Clinical considerations in Australia

Biologic therapies are not first-line treatments for SLE but are considered in patients with persistent disease activity despite conventional immunosuppressants. Access to biologics in Australia is regulated through the PBS, ensuring affordability for eligible patients.

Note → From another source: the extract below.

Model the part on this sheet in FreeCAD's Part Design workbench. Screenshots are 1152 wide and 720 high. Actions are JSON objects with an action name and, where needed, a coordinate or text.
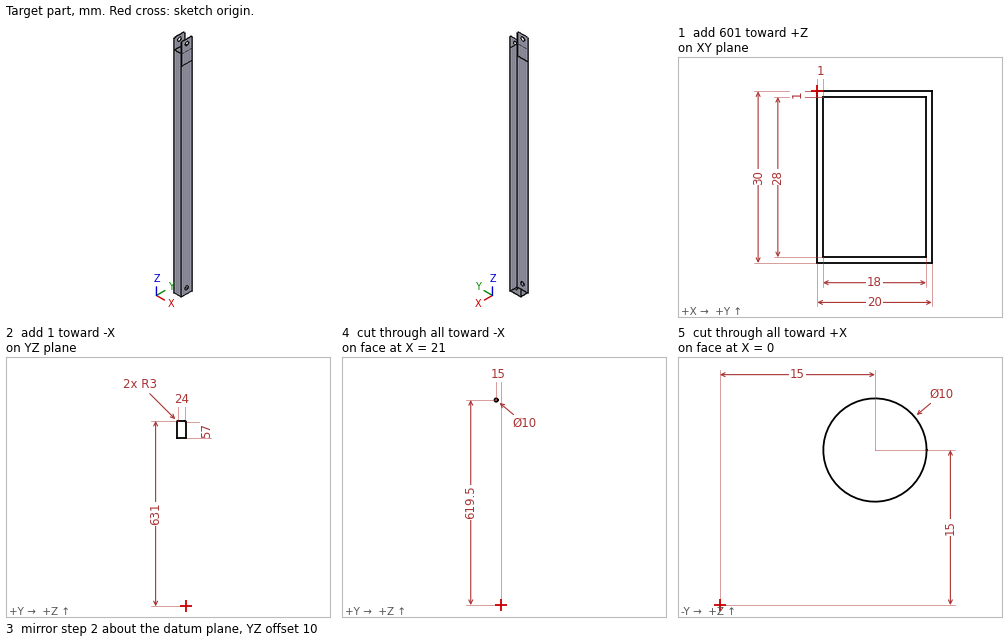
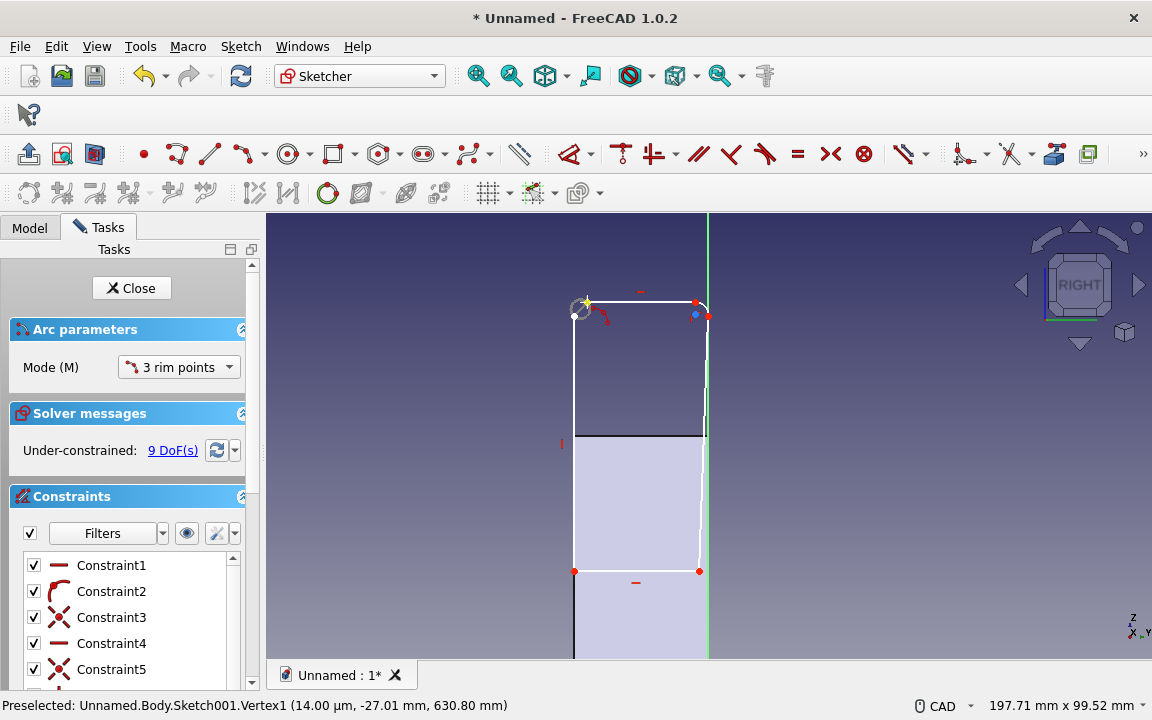
{"action": "scroll", "coordinate": [578, 305], "scroll_direction": "up", "scroll_amount": 7}
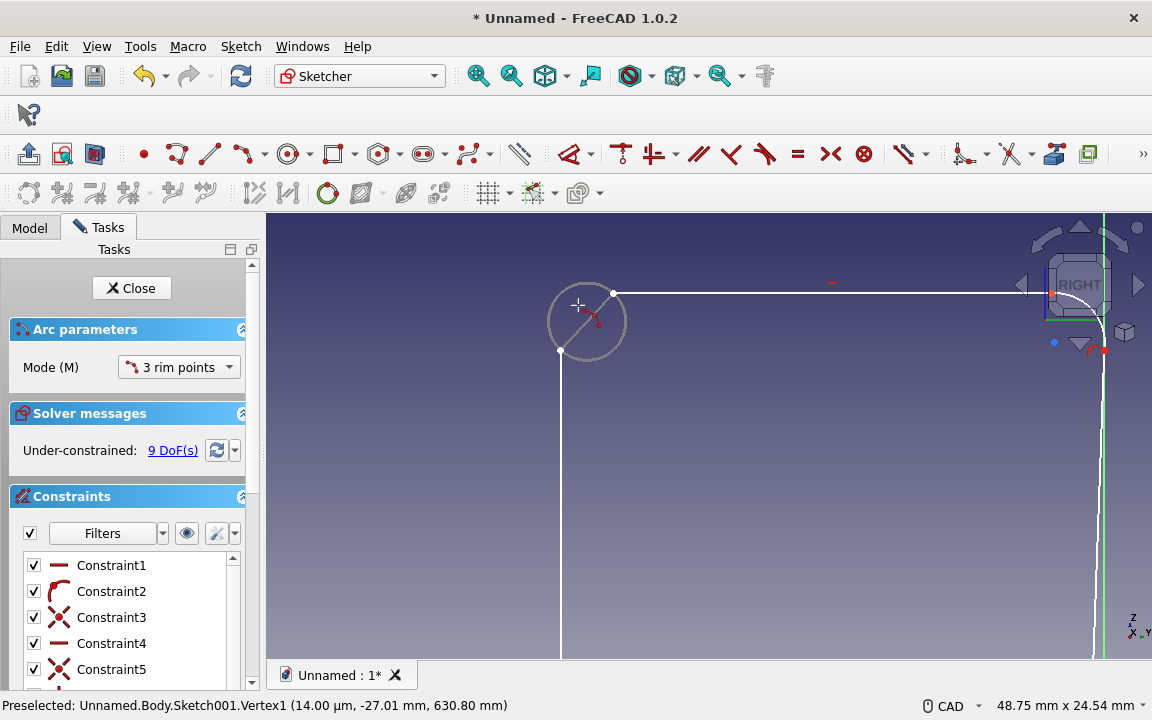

• Patient selection: Biologics are typically reserved for patients with high disease activity, particularly those with lupus nephritis, refractory arthritis, or severe cutaneous involvement.
• Combination therapy: Biologics are often used alongside hydroxychloroquine and corticosteroids, allowing for steroid-sparing effects and improved long-term disease control.
• Safety considerations: Patients receiving biologics require regular monitoring for infections, infusion reactions, and potential adverse effects.

Future directions

Ongoing research is exploring next-generation biologics, including JAK inhibitors and complement-targeting therapies, which may further refine SLE management. Advances in personalised medicine aim to tailor biologic selection based on biomarkers and individual disease profiles, optimising treatment outcomes.

Conclusion

The pathophysiology of SLE is multifaceted, involving genetic susceptibility, immune dysregulation, and environmental triggers. Advances in understanding these mechanisms have led to targeted therapies, such as biologics that modulate B-cell activity and cytokine signalling. Continued research is essential to refine treatment strategies and improve patient outcomes.